I have a DataFrame, and a list of key words, how can I extract matched words from the Text in the DataFrame. Can anyone help? Thank you!
** DataFrame**
df = pd.DataFrame({'ID':range(1,6), 'text':['red blue', 'bbb', 'rrrr blue', 'yyy b', 'ed yye']})
** key word list **
kword = ['red', 'rrrr']
I have tried following:
keyword = r"keyword.csv"
kword = pd.read_csv(keyword , encoding_errors='ignore')
Wrd_list = kword.values.tolist()
pattern = '|'.join(str(v) for v in Wrd_list)
filename = r"text.csv"
data = pd.read_csv(filename, encoding_errors='ignore')

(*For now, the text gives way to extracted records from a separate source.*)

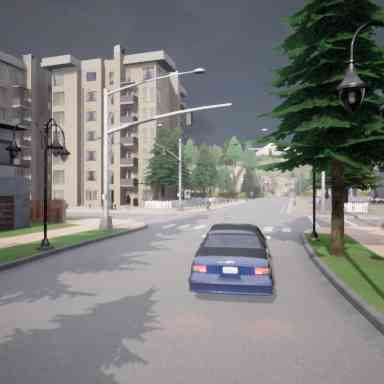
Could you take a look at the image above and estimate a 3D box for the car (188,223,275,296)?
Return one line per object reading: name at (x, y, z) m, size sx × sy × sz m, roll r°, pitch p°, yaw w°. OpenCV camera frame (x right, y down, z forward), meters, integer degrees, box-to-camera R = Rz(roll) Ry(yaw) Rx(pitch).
car at (1.138, 1.547, 8.865) m, size 2.033 × 1.411 × 5.357 m, roll 0°, pitch 0°, yaw 9°
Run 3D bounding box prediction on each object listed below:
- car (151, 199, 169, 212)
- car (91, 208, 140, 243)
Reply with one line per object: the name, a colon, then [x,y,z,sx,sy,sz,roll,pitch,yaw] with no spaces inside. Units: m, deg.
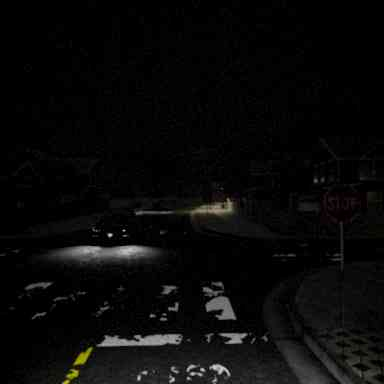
car: [-4.040,1.697,42.700,1.837,1.490,4.892,0,0,3]
car: [-3.670,1.595,16.614,1.837,1.490,4.892,0,0,-4]
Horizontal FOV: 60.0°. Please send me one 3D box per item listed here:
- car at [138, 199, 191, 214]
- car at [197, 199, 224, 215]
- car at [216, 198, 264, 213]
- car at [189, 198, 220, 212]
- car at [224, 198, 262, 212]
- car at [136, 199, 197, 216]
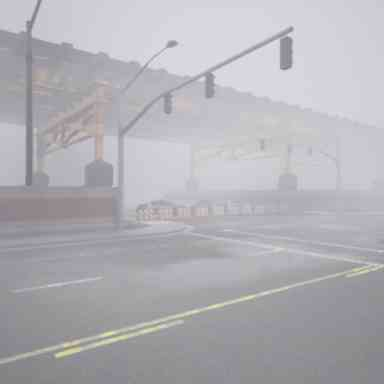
[{"bbox_3d":[-2.467,1.279,30.319,4.536,1.218,1.853,0,0,8],"label":"car"},{"bbox_3d":[1.330,1.432,32.997,2.038,1.542,4.974,0,0,18],"label":"car"},{"bbox_3d":[5.241,1.426,36.756,4.974,1.542,2.038,0,0,-7],"label":"car"},{"bbox_3d":[1.345,1.274,33.046,1.853,1.218,4.536,0,0,18],"label":"car"},{"bbox_3d":[5.189,1.269,36.749,4.536,1.218,1.853,0,0,-7],"label":"car"},{"bbox_3d":[-2.416,1.436,30.312,4.974,1.542,2.038,0,0,8],"label":"car"}]
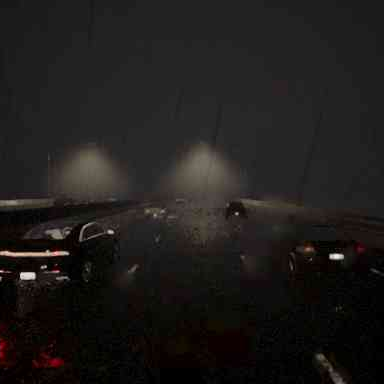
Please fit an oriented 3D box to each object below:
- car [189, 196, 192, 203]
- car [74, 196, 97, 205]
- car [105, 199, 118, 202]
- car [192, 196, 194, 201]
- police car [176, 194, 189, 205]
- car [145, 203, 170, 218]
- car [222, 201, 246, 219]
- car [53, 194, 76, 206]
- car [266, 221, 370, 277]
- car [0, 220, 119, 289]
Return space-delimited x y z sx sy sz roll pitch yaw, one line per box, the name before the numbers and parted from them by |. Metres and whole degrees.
car | -1.718 1.574 78.469 2.150 2.045 5.566 0 0 3
car | -16.738 1.706 53.433 1.837 1.490 4.892 0 0 2
car | -13.195 1.773 54.690 1.994 1.385 4.181 0 0 2
car | -1.177 1.878 89.583 1.801 1.575 5.366 0 0 3
police car | -2.182 1.793 67.480 2.038 1.542 4.974 0 0 2
car | -3.119 1.707 30.868 1.895 1.301 4.718 0 0 1
car | 3.886 1.614 30.915 1.837 1.490 4.892 0 0 1
car | -20.233 1.421 53.465 2.150 2.045 5.566 0 0 2
car | 3.639 1.597 10.339 1.994 1.385 4.181 0 0 0
car | -3.367 1.519 9.273 2.128 1.511 4.902 0 0 0
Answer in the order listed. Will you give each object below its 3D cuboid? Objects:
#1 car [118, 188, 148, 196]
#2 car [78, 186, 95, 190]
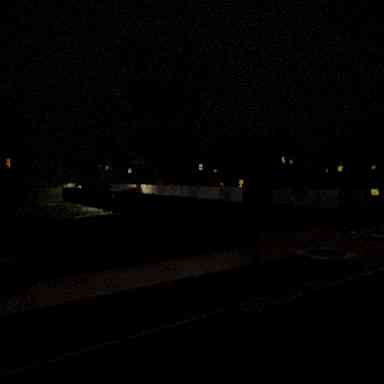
[{"bbox_3d":[-6.241,0.273,35.251,1.882,1.535,5.008,-1,3,-35],"label":"car"},{"bbox_3d":[-15.753,-0.247,49.020,2.033,1.411,5.357,-1,2,-35],"label":"car"}]

df = pd.DataFrame(data, columns=["id", "Text"])
df['Match_Word'] = df['Text'].str.extract(f"({'|'.join(pattern)})")
but the output only kept the first letter, I tried to use extractall
function, it gave an error message:
0 R
1
2 R
3
4
5
My desired output should be:
0 red
1
2 rrrr
3
4
5
CodePudding user response:
You could use str.extract
to extract the relevant keywords; then fill the NaNs with empty strings:
df['text'] = df['text'].str.extract(f"({'|'.join(kword)})").fillna('')
Output:
ID text
0 1 red
1 2
2 3 rrrr
3 4
4 5
CodePudding user response:
Your code works fine. I think your issue is that you are getting wrong keyword pattern. Try adding header=None
to the kword csv.
import pandas as pd
keyword = "np-match/keyword.csv"
kword = pd.read_csv(keyword, encoding_errors="ignore", header=None)
Wrd_list = kword.values.tolist()
pattern = "|".join(str(v) for v in Wrd_list)
pattern = ["red", "rrr"]
filename = "np-match/text.csv"
data = pd.read_csv(filename, encoding_errors="ignore")
df = pd.DataFrame(data, columns=["id", "Text"])
df["Match_Word"] = df["Text"].str.extract(f"({'|'.join(pattern)})")
id Text Match_Word
0 1 red blue red
1 2 bbbb NaN
2 3 rrr blue rrr
3 4 yyyy NaN